> INFORMATION SHOWN:

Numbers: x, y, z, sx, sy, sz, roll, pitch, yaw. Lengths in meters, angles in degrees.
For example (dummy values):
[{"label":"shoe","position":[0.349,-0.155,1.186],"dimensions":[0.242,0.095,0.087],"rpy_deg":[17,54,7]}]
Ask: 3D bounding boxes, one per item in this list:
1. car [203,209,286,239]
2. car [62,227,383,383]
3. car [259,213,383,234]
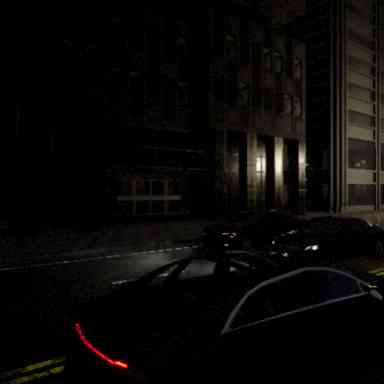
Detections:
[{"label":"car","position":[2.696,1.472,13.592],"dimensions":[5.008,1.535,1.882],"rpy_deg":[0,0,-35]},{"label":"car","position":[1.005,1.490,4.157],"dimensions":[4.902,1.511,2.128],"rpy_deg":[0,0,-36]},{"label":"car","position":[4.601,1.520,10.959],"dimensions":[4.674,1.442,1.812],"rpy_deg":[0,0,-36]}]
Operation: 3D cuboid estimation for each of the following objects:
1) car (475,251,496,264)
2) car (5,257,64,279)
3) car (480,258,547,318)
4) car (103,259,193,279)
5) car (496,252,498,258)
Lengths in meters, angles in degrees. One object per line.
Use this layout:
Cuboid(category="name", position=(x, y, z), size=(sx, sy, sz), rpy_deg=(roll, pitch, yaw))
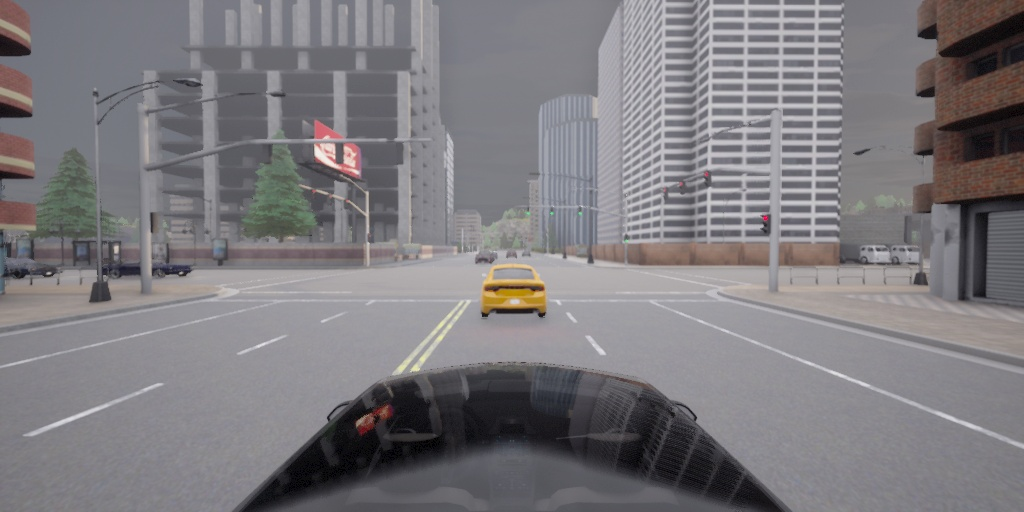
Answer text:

> WHAT IS NEEDED:
Show the lines above with "this".

> ANSWER BOX:
Ask: 3D bounding boxes, one per item in this list:
Use this layout:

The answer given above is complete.